**Task:**
When the line containing "object name: figure" appears in the data below, begin copying there and stop only after the line containing "object name: tea caddy".

**Source information:**
┌──

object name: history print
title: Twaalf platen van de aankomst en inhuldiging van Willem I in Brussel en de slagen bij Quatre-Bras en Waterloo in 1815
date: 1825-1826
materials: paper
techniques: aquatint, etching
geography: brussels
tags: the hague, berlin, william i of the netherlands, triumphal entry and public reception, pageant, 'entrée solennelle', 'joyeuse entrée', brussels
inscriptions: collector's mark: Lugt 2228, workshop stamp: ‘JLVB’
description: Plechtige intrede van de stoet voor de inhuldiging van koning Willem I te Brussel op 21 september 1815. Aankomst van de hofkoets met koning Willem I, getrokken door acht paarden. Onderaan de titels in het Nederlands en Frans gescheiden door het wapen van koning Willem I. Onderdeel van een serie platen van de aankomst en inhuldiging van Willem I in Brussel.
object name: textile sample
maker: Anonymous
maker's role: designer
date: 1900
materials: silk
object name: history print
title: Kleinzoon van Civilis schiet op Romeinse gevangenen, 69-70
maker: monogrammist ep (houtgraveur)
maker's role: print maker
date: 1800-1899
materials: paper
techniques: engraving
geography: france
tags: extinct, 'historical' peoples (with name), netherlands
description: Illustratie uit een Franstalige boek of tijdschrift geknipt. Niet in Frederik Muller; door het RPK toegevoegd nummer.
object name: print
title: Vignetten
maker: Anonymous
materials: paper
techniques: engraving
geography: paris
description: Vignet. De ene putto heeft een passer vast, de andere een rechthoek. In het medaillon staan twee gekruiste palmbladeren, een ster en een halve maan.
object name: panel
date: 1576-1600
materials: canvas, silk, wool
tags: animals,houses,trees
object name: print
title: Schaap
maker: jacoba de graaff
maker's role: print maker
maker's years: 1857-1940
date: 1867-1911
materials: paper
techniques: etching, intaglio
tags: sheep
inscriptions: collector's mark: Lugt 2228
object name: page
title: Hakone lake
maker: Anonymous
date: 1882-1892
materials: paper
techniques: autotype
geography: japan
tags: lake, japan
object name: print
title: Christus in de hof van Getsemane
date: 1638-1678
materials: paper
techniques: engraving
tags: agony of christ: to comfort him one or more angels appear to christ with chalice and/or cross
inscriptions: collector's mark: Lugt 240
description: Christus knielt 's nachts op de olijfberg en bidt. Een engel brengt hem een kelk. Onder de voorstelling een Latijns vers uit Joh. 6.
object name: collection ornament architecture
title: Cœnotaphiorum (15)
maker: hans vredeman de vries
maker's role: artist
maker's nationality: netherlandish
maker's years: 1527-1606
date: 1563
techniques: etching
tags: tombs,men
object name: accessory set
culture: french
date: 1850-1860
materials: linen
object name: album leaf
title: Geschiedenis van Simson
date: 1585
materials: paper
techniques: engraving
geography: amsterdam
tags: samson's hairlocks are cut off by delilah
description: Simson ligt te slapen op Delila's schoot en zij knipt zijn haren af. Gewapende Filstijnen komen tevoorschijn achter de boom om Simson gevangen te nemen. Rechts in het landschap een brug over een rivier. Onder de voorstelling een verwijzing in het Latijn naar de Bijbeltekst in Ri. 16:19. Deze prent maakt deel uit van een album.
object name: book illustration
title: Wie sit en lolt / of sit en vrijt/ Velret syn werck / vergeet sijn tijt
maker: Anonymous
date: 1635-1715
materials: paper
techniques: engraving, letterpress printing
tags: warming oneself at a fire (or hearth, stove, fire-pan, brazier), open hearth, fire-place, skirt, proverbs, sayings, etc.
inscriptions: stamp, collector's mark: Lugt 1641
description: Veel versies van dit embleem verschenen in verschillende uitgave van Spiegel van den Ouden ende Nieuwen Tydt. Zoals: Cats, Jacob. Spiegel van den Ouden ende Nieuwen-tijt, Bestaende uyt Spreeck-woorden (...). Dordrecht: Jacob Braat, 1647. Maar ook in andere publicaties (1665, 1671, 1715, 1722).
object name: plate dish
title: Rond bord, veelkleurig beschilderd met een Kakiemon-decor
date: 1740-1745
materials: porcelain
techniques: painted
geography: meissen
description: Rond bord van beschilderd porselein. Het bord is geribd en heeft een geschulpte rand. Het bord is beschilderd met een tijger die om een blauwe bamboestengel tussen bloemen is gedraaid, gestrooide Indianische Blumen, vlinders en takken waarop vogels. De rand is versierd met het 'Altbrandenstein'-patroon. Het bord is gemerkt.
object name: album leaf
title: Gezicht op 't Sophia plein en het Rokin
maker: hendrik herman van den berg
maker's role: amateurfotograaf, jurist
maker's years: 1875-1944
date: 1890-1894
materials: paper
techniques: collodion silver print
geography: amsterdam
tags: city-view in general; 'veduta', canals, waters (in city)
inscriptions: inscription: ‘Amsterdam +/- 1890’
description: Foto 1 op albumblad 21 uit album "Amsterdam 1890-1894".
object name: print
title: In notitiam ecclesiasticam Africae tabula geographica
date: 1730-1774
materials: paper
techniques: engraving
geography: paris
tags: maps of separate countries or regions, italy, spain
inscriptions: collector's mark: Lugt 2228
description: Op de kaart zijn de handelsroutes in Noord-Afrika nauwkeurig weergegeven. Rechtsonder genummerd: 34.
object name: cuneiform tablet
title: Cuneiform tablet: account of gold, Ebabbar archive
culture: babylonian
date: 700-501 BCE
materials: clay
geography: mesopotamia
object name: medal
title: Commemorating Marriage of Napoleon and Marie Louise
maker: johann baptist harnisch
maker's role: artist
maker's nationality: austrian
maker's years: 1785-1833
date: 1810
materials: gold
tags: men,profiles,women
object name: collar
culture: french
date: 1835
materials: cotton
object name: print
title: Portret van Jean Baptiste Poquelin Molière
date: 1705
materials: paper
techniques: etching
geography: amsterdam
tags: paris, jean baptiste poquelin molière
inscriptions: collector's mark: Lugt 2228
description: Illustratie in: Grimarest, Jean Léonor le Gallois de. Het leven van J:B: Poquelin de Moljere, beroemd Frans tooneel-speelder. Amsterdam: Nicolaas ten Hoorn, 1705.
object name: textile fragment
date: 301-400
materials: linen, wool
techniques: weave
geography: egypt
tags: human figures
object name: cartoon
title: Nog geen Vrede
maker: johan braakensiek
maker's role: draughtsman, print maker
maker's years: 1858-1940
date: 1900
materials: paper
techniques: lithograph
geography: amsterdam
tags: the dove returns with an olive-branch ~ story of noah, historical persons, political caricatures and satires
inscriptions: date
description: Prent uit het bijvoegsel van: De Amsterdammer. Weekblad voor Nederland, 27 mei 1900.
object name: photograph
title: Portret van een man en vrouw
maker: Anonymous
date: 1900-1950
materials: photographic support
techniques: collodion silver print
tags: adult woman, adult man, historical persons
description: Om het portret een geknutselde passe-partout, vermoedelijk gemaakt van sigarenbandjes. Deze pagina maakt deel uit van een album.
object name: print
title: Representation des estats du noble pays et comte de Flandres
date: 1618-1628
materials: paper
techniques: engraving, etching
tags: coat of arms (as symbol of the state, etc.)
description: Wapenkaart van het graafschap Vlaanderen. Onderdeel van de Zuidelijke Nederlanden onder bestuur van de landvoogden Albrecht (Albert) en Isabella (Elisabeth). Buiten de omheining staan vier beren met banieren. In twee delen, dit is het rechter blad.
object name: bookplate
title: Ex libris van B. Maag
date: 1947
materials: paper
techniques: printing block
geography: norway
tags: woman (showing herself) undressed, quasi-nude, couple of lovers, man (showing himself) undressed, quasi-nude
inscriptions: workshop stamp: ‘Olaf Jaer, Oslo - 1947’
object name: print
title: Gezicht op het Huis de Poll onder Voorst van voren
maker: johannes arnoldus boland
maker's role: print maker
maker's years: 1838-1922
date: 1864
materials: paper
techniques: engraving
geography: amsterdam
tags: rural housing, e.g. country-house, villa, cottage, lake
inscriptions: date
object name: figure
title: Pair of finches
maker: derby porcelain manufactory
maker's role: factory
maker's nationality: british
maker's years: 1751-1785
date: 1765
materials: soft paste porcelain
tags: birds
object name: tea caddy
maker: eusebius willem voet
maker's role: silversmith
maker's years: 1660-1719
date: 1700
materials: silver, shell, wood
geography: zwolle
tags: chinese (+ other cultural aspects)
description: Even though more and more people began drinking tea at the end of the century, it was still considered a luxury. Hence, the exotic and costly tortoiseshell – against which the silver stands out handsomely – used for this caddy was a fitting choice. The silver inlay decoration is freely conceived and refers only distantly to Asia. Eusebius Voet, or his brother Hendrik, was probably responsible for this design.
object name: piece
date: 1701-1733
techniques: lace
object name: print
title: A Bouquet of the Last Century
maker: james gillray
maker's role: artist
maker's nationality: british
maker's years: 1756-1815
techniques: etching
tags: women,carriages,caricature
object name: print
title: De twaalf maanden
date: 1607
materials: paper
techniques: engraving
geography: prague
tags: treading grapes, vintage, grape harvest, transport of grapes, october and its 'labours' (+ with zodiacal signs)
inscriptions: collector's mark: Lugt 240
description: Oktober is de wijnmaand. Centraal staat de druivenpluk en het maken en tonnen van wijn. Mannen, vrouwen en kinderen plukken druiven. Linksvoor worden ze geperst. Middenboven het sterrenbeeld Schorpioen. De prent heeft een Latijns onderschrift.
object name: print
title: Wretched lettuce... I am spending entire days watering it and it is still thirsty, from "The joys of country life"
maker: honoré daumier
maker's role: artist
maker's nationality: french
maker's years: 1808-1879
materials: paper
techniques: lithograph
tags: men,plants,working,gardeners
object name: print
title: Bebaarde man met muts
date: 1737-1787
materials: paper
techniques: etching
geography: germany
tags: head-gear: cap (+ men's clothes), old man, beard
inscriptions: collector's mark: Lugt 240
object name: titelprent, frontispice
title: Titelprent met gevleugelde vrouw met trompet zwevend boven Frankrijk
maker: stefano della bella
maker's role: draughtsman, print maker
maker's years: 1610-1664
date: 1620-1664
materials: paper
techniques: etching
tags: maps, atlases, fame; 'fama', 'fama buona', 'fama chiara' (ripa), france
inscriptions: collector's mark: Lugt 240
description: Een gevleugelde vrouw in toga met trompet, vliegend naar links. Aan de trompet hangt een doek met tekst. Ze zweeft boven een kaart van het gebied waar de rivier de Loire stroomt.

└──

**Solution for this problem:**
object name: figure
title: Pair of finches
maker: derby porcelain manufactory
maker's role: factory
maker's nationality: british
maker's years: 1751-1785
date: 1765
materials: soft paste porcelain
tags: birds
object name: tea caddy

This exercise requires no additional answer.